I'm already using the free OBS software for capturing what's on screen.


----------



## ProfoundSilence (Mar 19, 2020)

you can do it another way if you have another monitor. 

make a stand alone kontakt instance, double click to make a new empty instrument and use the window and crop it to the keyboard


----------



## jbuhler (Mar 21, 2020)

ProfoundSilence said:


> you can do it another way if you have another monitor.
> 
> make a stand alone kontakt instance, double click to make a new empty instrument and use the window and crop it to the keyboard


I do this except use a cropped instance of Unify. With Unify I have control over how many keys are shown.


----------



## JeffvR (Mar 23, 2020)

All not really ideal solutions to be honest. The Kontakt keys are not really clear if you have a VST loaded. Especially for beginners to see where the C is. Maybe @mverta can chime in?


----------



## SlHarder (Mar 23, 2020)

ChrisSiuMusic, a member here, uses what you want in his videos, maybe he can chime in.


----------



## brenneisen (Mar 23, 2020)

https://buy.chordieapp.com/


----------



## JeffvR (Mar 23, 2020)

brenneisen said:


> https://buy.chordieapp.com/


Thanks! This one looks good.


----------



## Scamper (Mar 30, 2020)

JeffvR said:


> Is there some simple software to view a piano roll like in the Mike Verta classes?

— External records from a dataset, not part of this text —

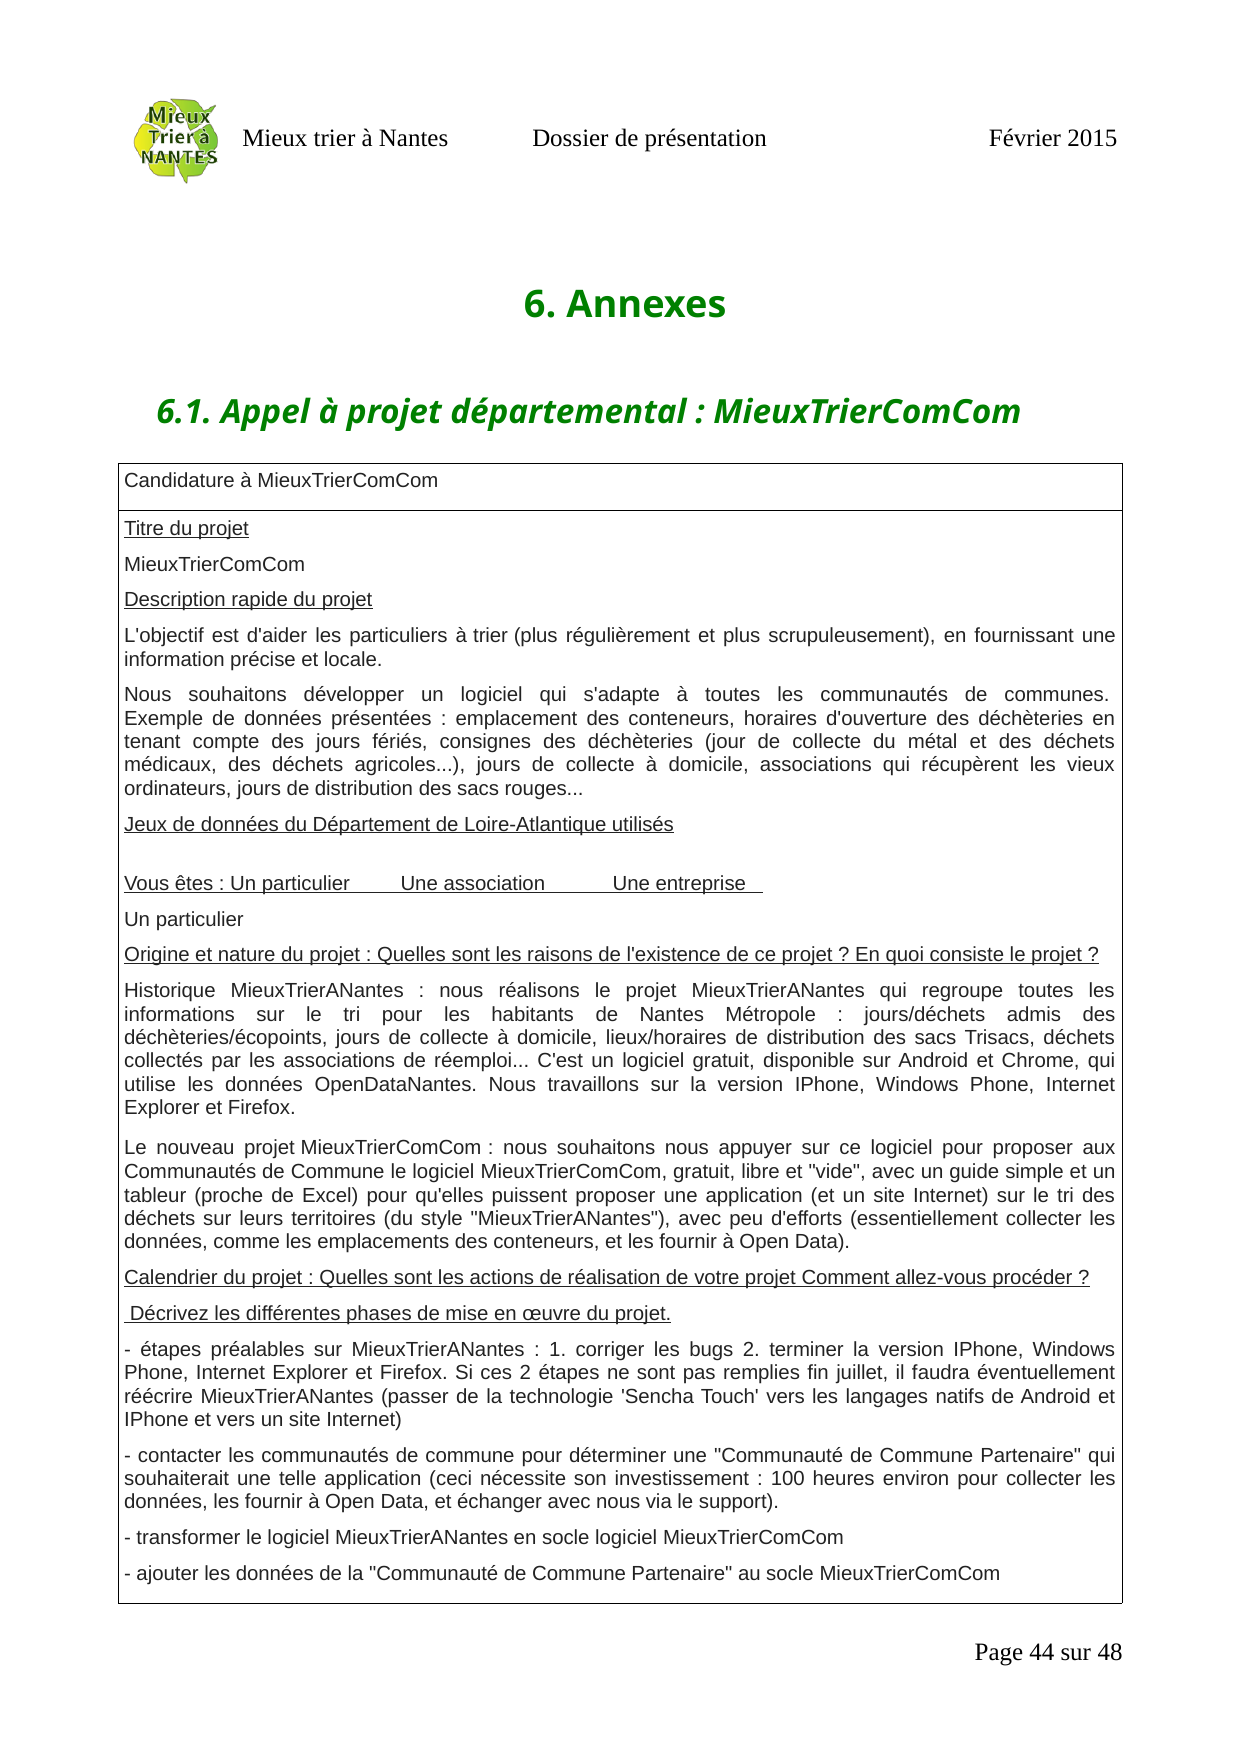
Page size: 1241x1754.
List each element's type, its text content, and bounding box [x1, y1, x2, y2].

subtitle Appel à projet départemental : MieuxTrierComCom [148, 388, 1122, 433]
subtitle Annexes [118, 277, 1122, 329]
picture [131, 95, 221, 185]
table_cell Titre du projet MieuxTrierComCom Description rapide du projet L'objectif est d'aider les particuliers à trier (plus régulièrement et plus scrupuleusement), en fournissant une information précise et locale. Nous souhaitons développer un logiciel qui s'adapte à toutes les communautés de communes. Exemple de données présentées : emplacement des conteneurs, horaires d'ouverture des déchèteries en tenant compte des jours fériés, consignes des déchèteries (jour de collecte du métal et des déchets médicaux, des déchets agricoles...), jours de collecte à domicile, associations qui récupèrent les vieux ordinateurs, jours de distribution des sacs rouges... Jeux de données du Département de Loire-Atlantique utilisés Vous êtes : Un particulier Une association Une entreprise Un particulier Origine et nature du projet : Quelles sont les raisons de l'existence de ce projet ? En quoi consiste le projet ? Historique MieuxTrierANantes : nous réalisons le projet MieuxTrierANantes qui regroupe toutes les informations sur le tri pour les habitants de Nantes Métropole : jours/déchets admis des déchèteries/écopoints, jours de collecte à domicile, lieux/horaires de distribution des sacs Trisacs, déchets collectés par les associations de réemploi... C'est un logiciel gratuit, disponible sur Android et Chrome, qui utilise les données OpenDataNantes. Nous travaillons sur la version IPhone, Windows Phone, Internet Explorer et Firefox. Le nouveau projet MieuxTrierComCom : nous souhaitons nous appuyer sur ce logiciel pour proposer aux Communautés de Commune le logiciel MieuxTrierComCom, gratuit, libre et "vide", avec un guide simple et un tableur (proche de Excel) pour qu'elles puissent proposer une application (et un site Internet) sur le tri des déchets sur leurs territoires (du style "MieuxTrierANantes"), avec peu d'efforts (essentiellement collecter les données, comme les emplacements des conteneurs, et les fournir à Open Data). Calendrier du projet : Quelles sont les actions de réalisation de votre projet Comment allez-vous procéder ? Décrivez les différentes phases de mise en œuvre du projet. - étapes préalables sur MieuxTrierANantes : 1. corriger les bugs 2. terminer la version IPhone, Windows Phone, Internet Explorer et Firefox. Si ces 2 étapes ne sont pas remplies fin juillet, il faudra éventuellement réécrire MieuxTrierANantes (passer de la technologie 'Sencha Touch' vers les langages natifs de Android et IPhone et vers un site Internet) - contacter les communautés de commune pour déterminer une "Communauté de Commune Partenaire" qui souhaiterait une telle application (ceci nécessite son investissement : 100 heures environ pour collecter les données, les fournir à Open Data, et échanger avec nous via le support). - transformer le logiciel MieuxTrierANantes en socle logiciel MieuxTrierComCom - ajouter les données de la "Communauté de Commune Partenaire" au socle MieuxTrierComCom [119, 511, 1122, 1603]
table_header Candidature à MieuxTrierComCom [119, 464, 1122, 510]

It was mentioned in his livestream now, that he uses "VirtualKeyboard" by 4drX.





VirtualKeyboard VST/AU


VirtualKeyboard VST/AU




4drx.com


----------



## JeffvR (Mar 31, 2020)

Scamper said:


> It was mentioned in his livestream now, that he uses "VirtualKeyboard" by 4drX.
> 
> 
> 
> ...


Awesome! Thanks!


----------